Görüntülediğiniz mahkeme kararı kesinleşmiş bir karardır.

T.C.
İSTANBUL
BÖLGE ADLİYE MAHKEMESİ
16. HUKUK DAİRESİ
T Ü R K M İ L L E T İ A D I N A
İ S T İ N A F K A R A R I
DOSYA NO: 2018/3583 Esas
KARAR NO : 2018/2648
İNCELENEN KARARIN
MAHKEMESİ: BAKIRKÖY 1. FİKRİ VE SINAÎ HAKLAR HUKUK MAHKEMESİ
TARİHİ : 23/03/2018
NUMARASI : 2018/94 2018/92
DAVANIN KONUSU: Tespit (D.İş)
KARAR TARİHİ: 12/12/2018
İstinaf incelemesi için dairemize gönderilen dosyanın ilk incelemesi tamamlanmış olmakla, HMK 353. Maddesi gereğince dosya içeriğine göre duruşma yapılmasına gerek görülmeden dosya üzerinde yapılan inceleme sonucu;
GEREĞİ DÜŞÜNÜLDÜ:
Tespit isteyen vekili, müvekkiline ait … nolu tasarım tescilinin bulunduğunu, karşı tarafın ise müvekkilinin tasarım haklarını ihlal edecek sünnet külotlarının kalıplarını imal edip satmakta olduğunu, 22/03/2018 de başlayıp 25/03/2018 de sona erecek olan TÜYAP fuarında da sünnet külodunu sergilediğini, kataloglarla tanıtımını yapmakta ve satışını arzetmekte oludğunu belirterek TÜYAP fuarında keşif yapılıp bu konuda bilirkişi incelemesi yapılmasını, şayet tasarım hakkının ihlal edildiği tespit edilir ise HMK’nun 389 vd ile SMK’nun ilgili hükümleri uyarınca karşı tarafın üretimde kullandığı kalıplara ve makinelere bulunduğu yerlerde el konulmasına, muhafaza altına alınmasını, satış, tanıtım ve reklam içeren katalog ve diğer basılı evraklara el konularak muhafaza altına alınmasını, karşı tarafın internetten reklam ve satış yaptığı tespit edilirse engellenmesini, ürün ihracının da engellenmesini istemiştir.

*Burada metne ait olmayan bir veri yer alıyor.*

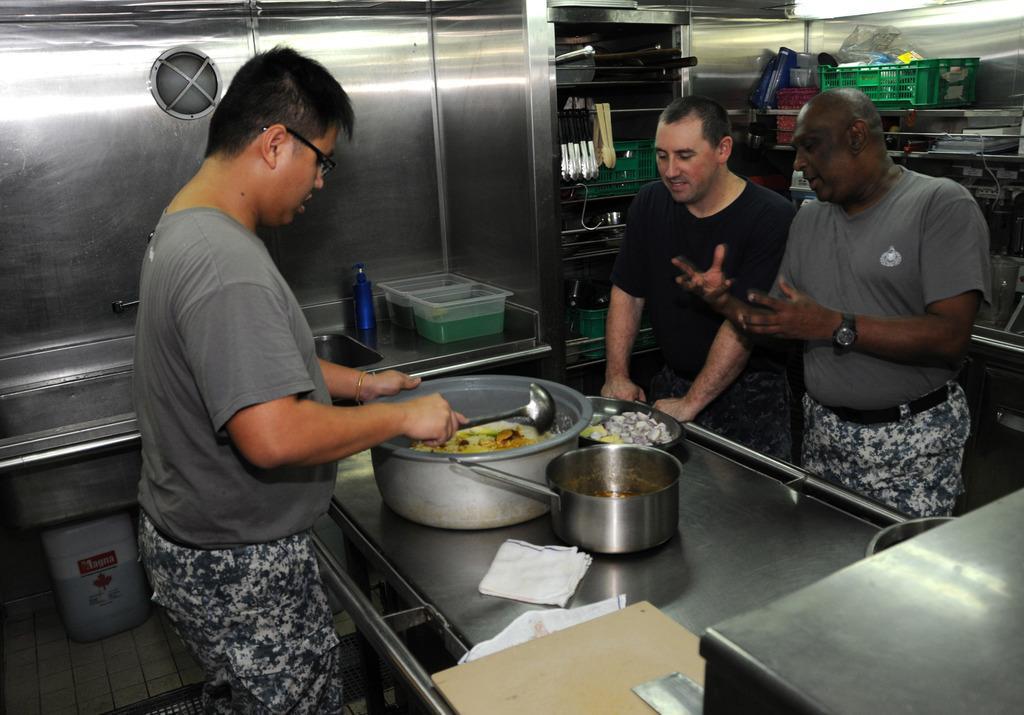Please provide a concise description of this image. There are 3 people here making food. On the right 2 people are talking to each other. In the background we see spoons,basket,cloth. 
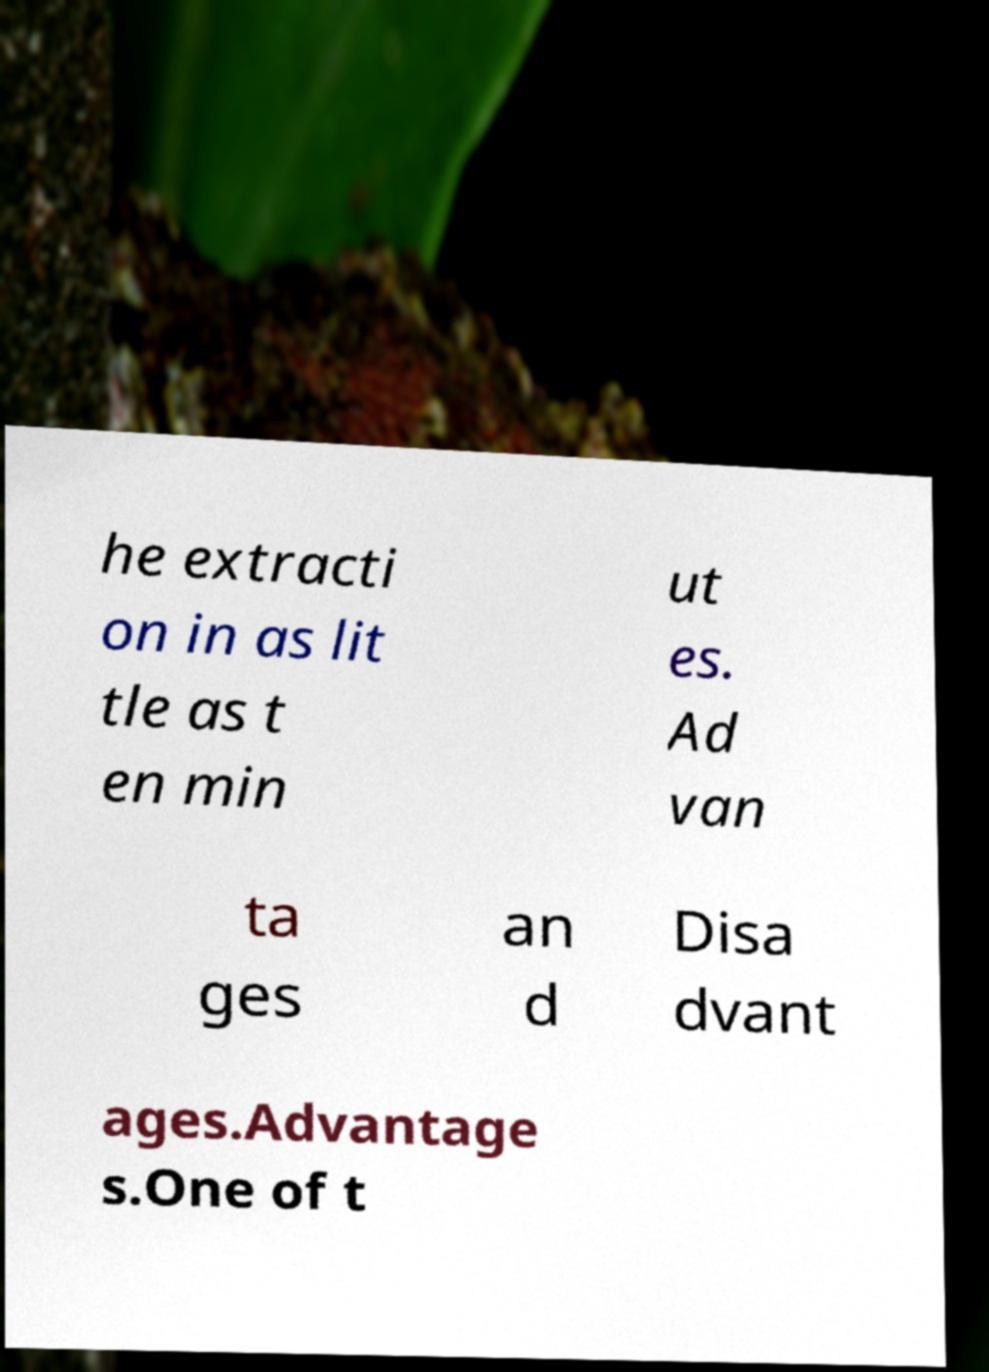Please identify and transcribe the text found in this image. he extracti on in as lit tle as t en min ut es. Ad van ta ges an d Disa dvant ages.Advantage s.One of t

Mahkemece, 23/03/2018 tarihinde yapılan tespit işlemi üzerine alınan 09/04/2018 tarihli raporda; davacıya ait 2003/03747 numaralı endüstriyel tasarım ile karşı tarafa ait ürün arasında bilgilenmiş kullanıcı üzerinde oluşturduğu genel izlenimde belirgin farklılıklar bulundığı, bu sebeple benzer olarak algılandıkları, karşı tarafa ait katalogta talepte bulunana ait tasarımların yer aldığı, talepte bulunana ait katalogta yer alan tespite konu ürün görsellerinin aynısının aleyhine tespit istenene ait katalogta kullanıldığı, karşı tarafın 16/11/2017 başvuru tarihli, 2017/18119 numaralı faydalı model belgesine başvuruda bulunduğu, belgenin araştırma aşamasında olduğu, henüz tescillenmediği yolunda görüş bilidirildiği görülmüştür.

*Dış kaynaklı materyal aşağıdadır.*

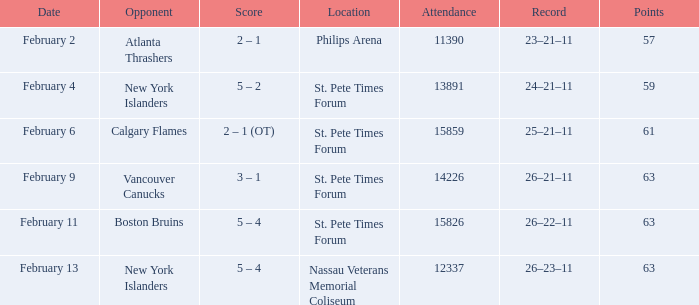Can you provide the scores from february 9? 3 – 1. 
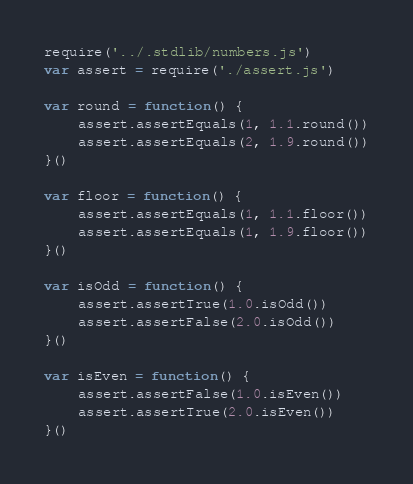Convert code to text. <code><loc_0><loc_0><loc_500><loc_500><_JavaScript_>require('../.stdlib/numbers.js')
var assert = require('./assert.js')

var round = function() {
    assert.assertEquals(1, 1.1.round())
    assert.assertEquals(2, 1.9.round())
}()

var floor = function() {
    assert.assertEquals(1, 1.1.floor())
    assert.assertEquals(1, 1.9.floor())
}()

var isOdd = function() {
    assert.assertTrue(1.0.isOdd())
    assert.assertFalse(2.0.isOdd())
}()

var isEven = function() {
    assert.assertFalse(1.0.isEven())
    assert.assertTrue(2.0.isEven())
}()</code> 
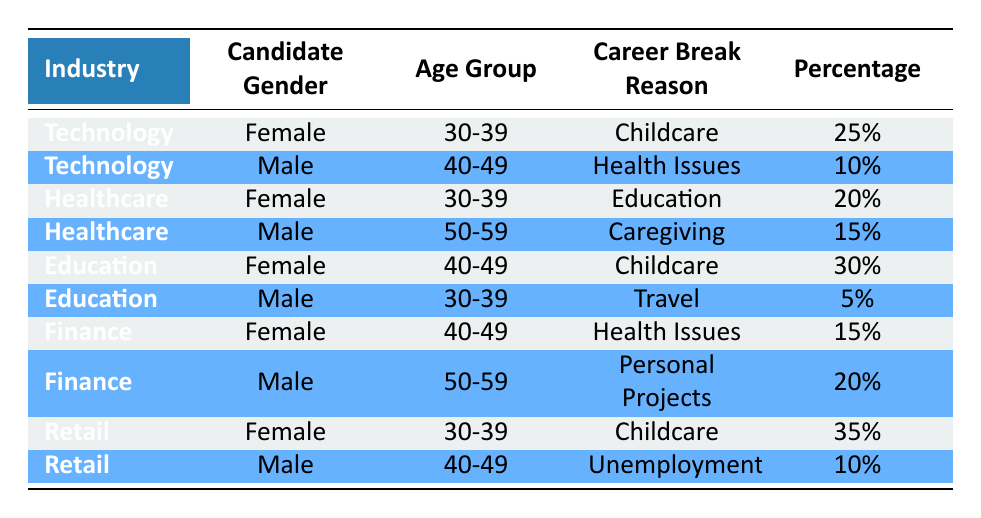What is the most common career break reason for female candidates in the Technology industry? In the Technology industry, the only career break reason listed for female candidates is "Childcare." The percentage for this reason is 25, which indicates it is the most common.
Answer: Childcare Which gender has the highest percentage for the "Health Issues" career break reason in the Finance industry? In the Finance industry, "Health Issues" applies to female candidates with a percentage of 15, and male candidates are not associated with this reason. Thus, females have the highest percentage for this reason.
Answer: Female What is the total percentage of male candidates in the Healthcare and Education industries who took a career break for caregiving or unemployment? In the Healthcare industry, the male candidates' percentage for "Caregiving" is 15. In the Education industry, the male candidates' percentage for "Unemployment" is 10. Summing these gives 15 + 10 = 25.
Answer: 25 Is there any career break reason listed for female candidates in the Retail industry? Yes, there is a career break reason listed for female candidates in the Retail industry, which is "Childcare" with a percentage of 35.
Answer: Yes What age group has the highest percentage of female candidates who took a career break due to Childcare across all industries? In the Technology industry, 25% of female candidates are ages 30-39 for "Childcare." In the Education industry, this percentage is 30, which is higher. In the Retail industry, the percentage is 35, which is the highest among all three. Thus, the age group 30-39 has the highest percentage for female candidates across industries for this reason.
Answer: 30-39

Mahkemece, 11/04/2018 tarihinde dosya ele alınarak ve yukarıda anılan bilirkişi raporu gerekçe yapılarak “1-Yapılan delil tespiti sunulan rapor tescil kaydı ve makul delillere göre HMK 389, 6769 SMK 159 maddesi dikkate alınarak ihtiyati tedbir talep edenin zararının genişlemesinin engellenmesi, yargılamanın etkinliğinin sağlanması açısından İhtiyati tedbir talebinini kabulüne,
2-Aleyhine ihtiyati tedbir talep edilenin Rabır sünnet külodu ürünlerinin tedbir talep edene ait 2003/03747 tasarım kapsamında üretilmesini, satışının yapılmasının ithal edilmesini, tanıtım yapılmasının engellenmesine,
3-Ürünlere üretim kalıplarına ve tanıtım evrakına el konulmasına, yeddiemine teslimine, ilgili ürünün satıldığı internet sitesi uzantıları bildirildiğinde erişimin engellenmesine,
4-40.000,00 TL nakti teminat veyahut aynı miktarta muteber banka teminat mektubu ibraz edildiğinde tedbirin uygulanmasına, ” şeklinde karar verilmiş, ayrıca tespit isteyenin talebi doğrultusunda 13/04/2018 günü oluşturulan ara kararda teminat mektubunun 20.000 TL’ye düşürüldüğü görülmüş, yine 16/04/2018 tarihli ara kararda ise 11/04/2018 tarihinde verilen ara karar gibi aynı şekilde ihtiyati tedbir kararı verilmiş, burada teminatın 40.000 TL olduğu belirtilmiştir.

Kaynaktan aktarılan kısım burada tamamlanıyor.